DOING THE RIGHT THING for a stricken climber on Mt. Everest.

HOWARD MORTMAN TRIES A RON PAUL EXPERIMENT: Looks like it worked!

ROBERT X. CRINGELY: “I have a pretty good idea where we’ll find the founders of that Google-beating start-up. I think they are working right now at Google. Google is an amazing entrepreneurial petri dish. Yet at the same time, it is doomed to disappoint nearly every entrepreneurial type who works there. This is key: Google is sowing the seeds of its own eventual destruction. It can’t help doing so. . . . Google has designed a working environment that provides almost everything their technical people need except a guaranteed sense of satisfaction.”

JAMES PETHOKOUKIS on the U.S. / China trade war no one expects.

It’s the last thing that we — or the Chinese — need right now. Which doesn’t necessarily rule it out, alas.

DOES GLOBAL WARMING MEAN MORE HURRICANES? Maybe, maybe not: “Over the last 5,000 years, the eastern Caribbean has experienced several periods, lasting centuries, in which strong hurricanes occurred frequently even though ocean temperatures were cooler than those measured today, according to a new study.” There seems to be a lot of complexity involved.

MOQTADA UNVEILS A NEW PLAN TO HUMILIATE BUSH and secure a U.S. withdrawal.
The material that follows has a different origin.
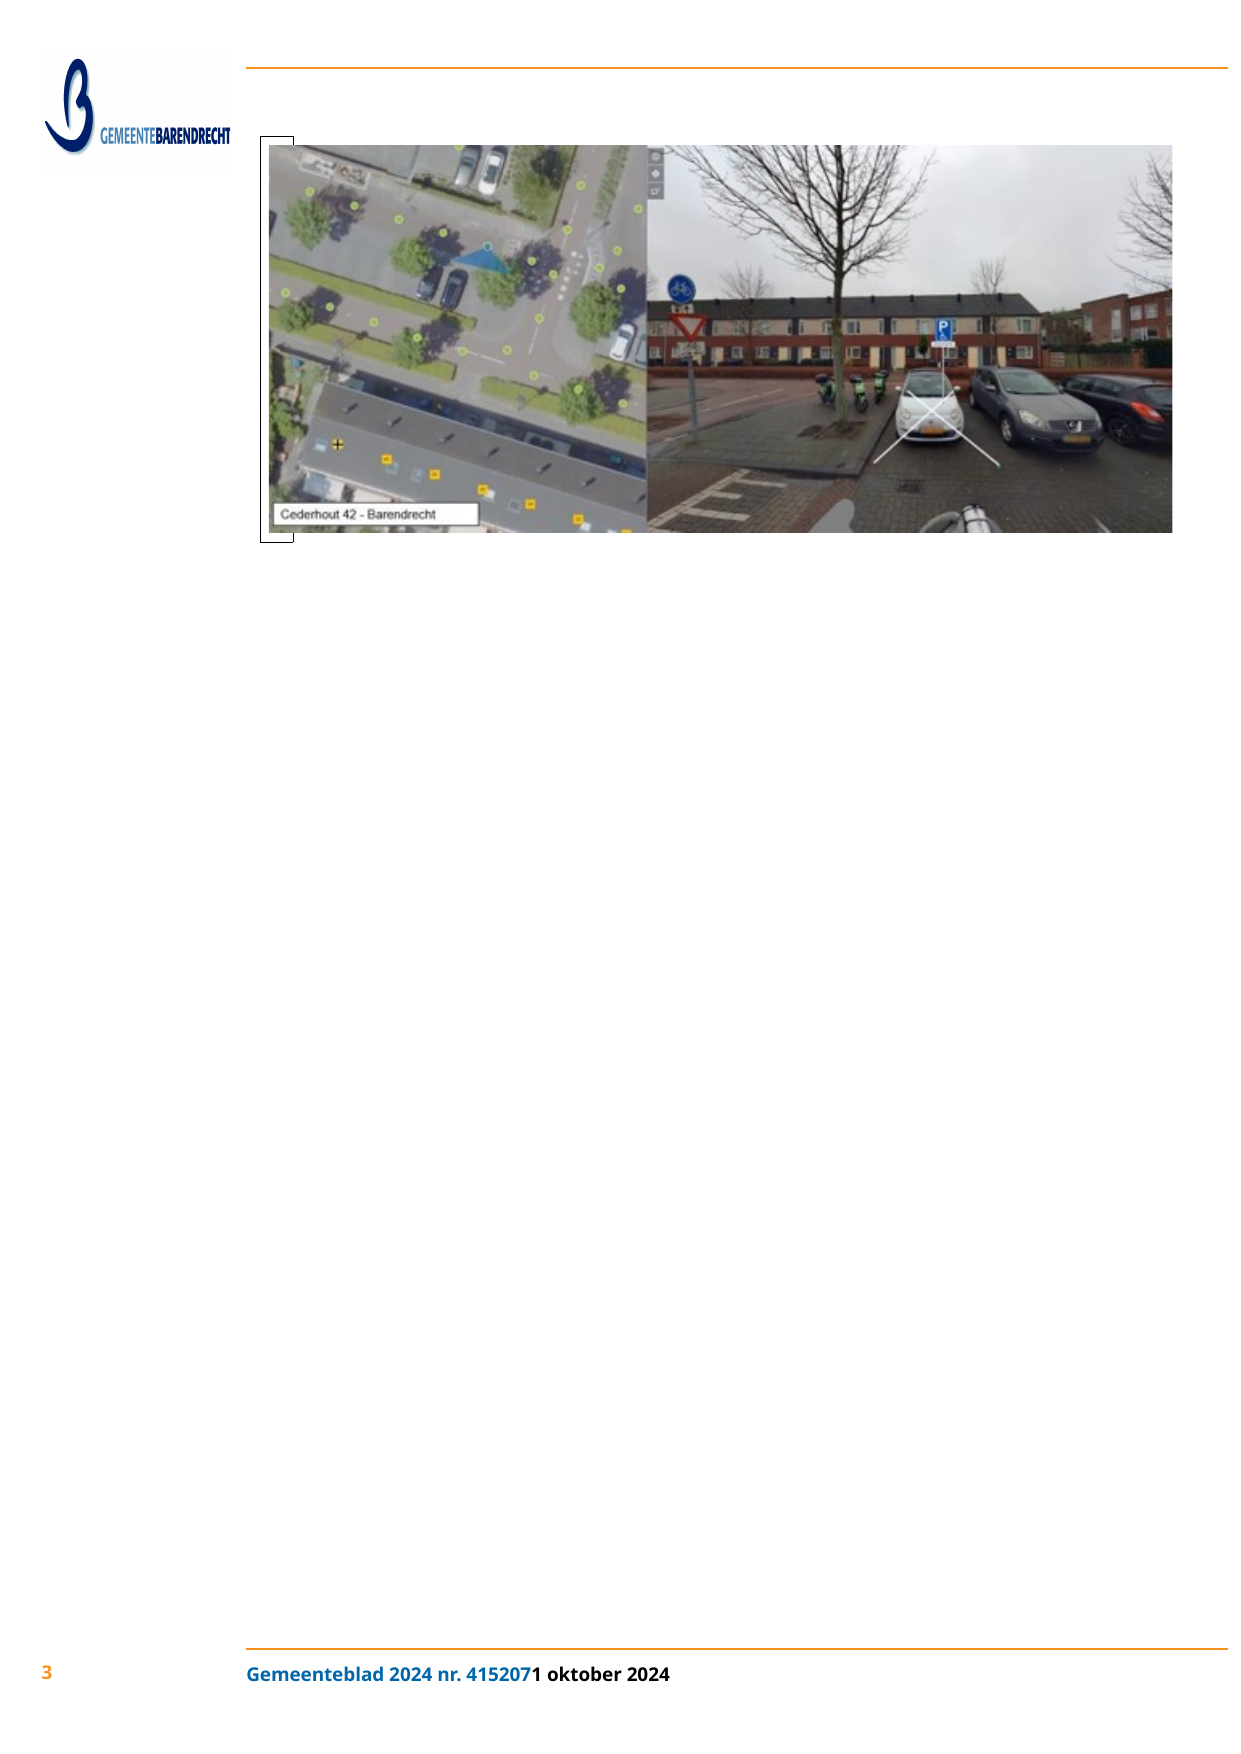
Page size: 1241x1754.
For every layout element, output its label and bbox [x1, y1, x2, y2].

picture [268, 145, 1173, 533]
picture [41, 47, 231, 172]

It just might work!

ARE THE RICH GETTING RICHER? I don’t know, but they’re certainly getting more numerous:

To enter the nation’s top 1%, you need more than $5 million. And if you get there, you’ll have plenty of newly-arrived company: The number of U.S. “pentamillionaires” has quadrupled in the past 10 years, to more than 930,000. Indeed, 70% of the nation’s big family fortunes are less than 13 years old, according to research and marketing firm The Harrison Group. And the people who amassed them are, first and foremost, entrepreneurs — risk takers for whom wealth is a byproduct of pursuing their passion.
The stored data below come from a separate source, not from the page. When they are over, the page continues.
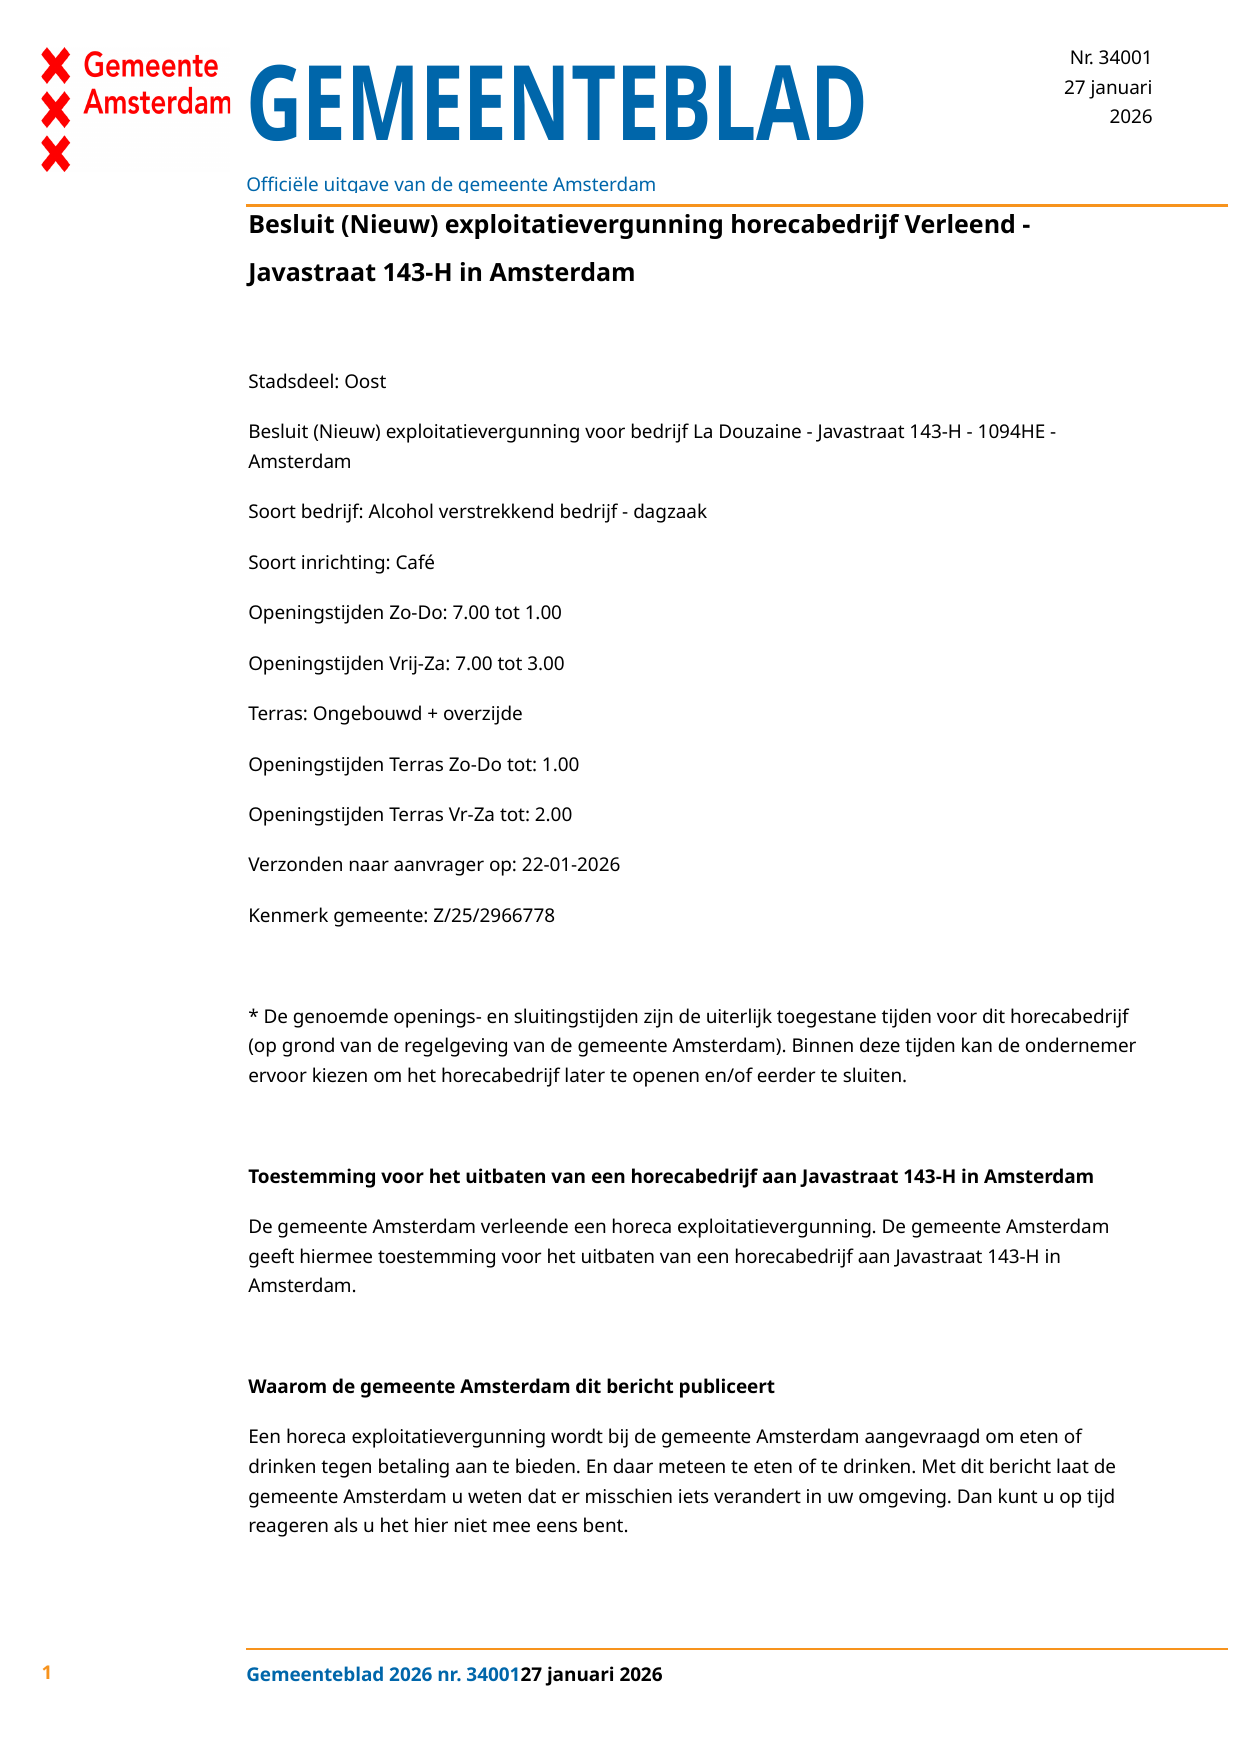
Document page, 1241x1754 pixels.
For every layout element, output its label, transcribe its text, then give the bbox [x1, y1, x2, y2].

picture [41, 47, 231, 172]
text Terras: Ongebouwd + overzijde [248, 700, 1152, 726]
text Waarom de gemeente Amsterdam dit bericht publiceert [248, 1373, 1152, 1399]
text Openingstijden Zo-Do: 7.00 tot 1.00 [248, 599, 1152, 625]
text Besluit (Nieuw) exploitatievergunning voor bedrijf La Douzaine - Javastraat 143-H - 1094HE - Amsterdam [248, 419, 1152, 474]
text Soort bedrijf: Alcohol verstrekkend bedrijf - dagzaak [248, 499, 1152, 524]
text Besluit (Nieuw) exploitatievergunning horecabedrijf Verleend - Javastraat 143-H in Amsterdam [248, 207, 1152, 288]
text Openingstijden Terras Zo-Do tot: 1.00 [248, 751, 1152, 777]
text Verzonden naar aanvrager op: 22-01-2026 [248, 852, 1152, 877]
text Soort inrichting: Café [248, 549, 1152, 575]
text De gemeente Amsterdam verleende een horeca exploitatievergunning. De gemeente Amsterdam geeft hiermee toestemming voor het uitbaten van een horecabedrijf aan Javastraat 143-H in Amsterdam. [248, 1213, 1152, 1298]
text * De genoemde openings- en sluitingstijden zijn de uiterlijk toegestane tijden voor dit horecabedrijf (op grond van de regelgeving van de gemeente Amsterdam). Binnen deze tijden kan de ondernemer ervoor kiezen om het horecabedrijf later te openen en/of eerder te sluiten. [248, 1003, 1152, 1088]
text Toestemming voor het uitbaten van een horecabedrijf aan Javastraat 143-H in Amsterdam [248, 1163, 1152, 1189]
text Stadsdeel: Oost [248, 368, 1152, 394]
text Kenmerk gemeente: Z/25/2966778 [248, 902, 1152, 928]
text Openingstijden Terras Vr-Za tot: 2.00 [248, 801, 1152, 827]
text Een horeca exploitatievergunning wordt bij de gemeente Amsterdam aangevraagd om eten of drinken tegen betaling aan te bieden. En daar meteen te eten of te drinken. Met dit bericht laat de gemeente Amsterdam u weten dat er misschien iets verandert in uw omgeving. Dan kunt u op tijd reageren als u het hier niet mee eens bent. [248, 1424, 1152, 1538]
text Openingstijden Vrij-Za: 7.00 tot 3.00 [248, 650, 1152, 676]

What got them to the highest level? It isn’t necessarily stock-market savvy: On average, folks who recently hit the $5 million mark report that only 10% of their money came through passive investments. And only 10% of pentamillionaires inherited their wealth.

“Pentamillionaire” is a new term to me. I guess plain old millionaires have become so commonplace that somebody had to up the ante.

GREG LUKIANOFF: “I have always found it fascinating that colleges and universities–which tend to believe themselves to be centers of perfect open-mindedness and progressive thought–so often end up echoing the censors of bygone eras. As we note in FIRE’s Guide to Free Speech on Campus, for example, administrators’ justifications for punishing politically incorrect, ideologically incompatible, or simply inconvenient speech at times echo the rationale of southern slave owners in the early 19th century who wished to ban abolitionist speech because it “inflicted emotional injury” on slave owners. As we often have to point out, while politeness is a virtue, it is of minuscule importance when compared with robust debate and discussion.”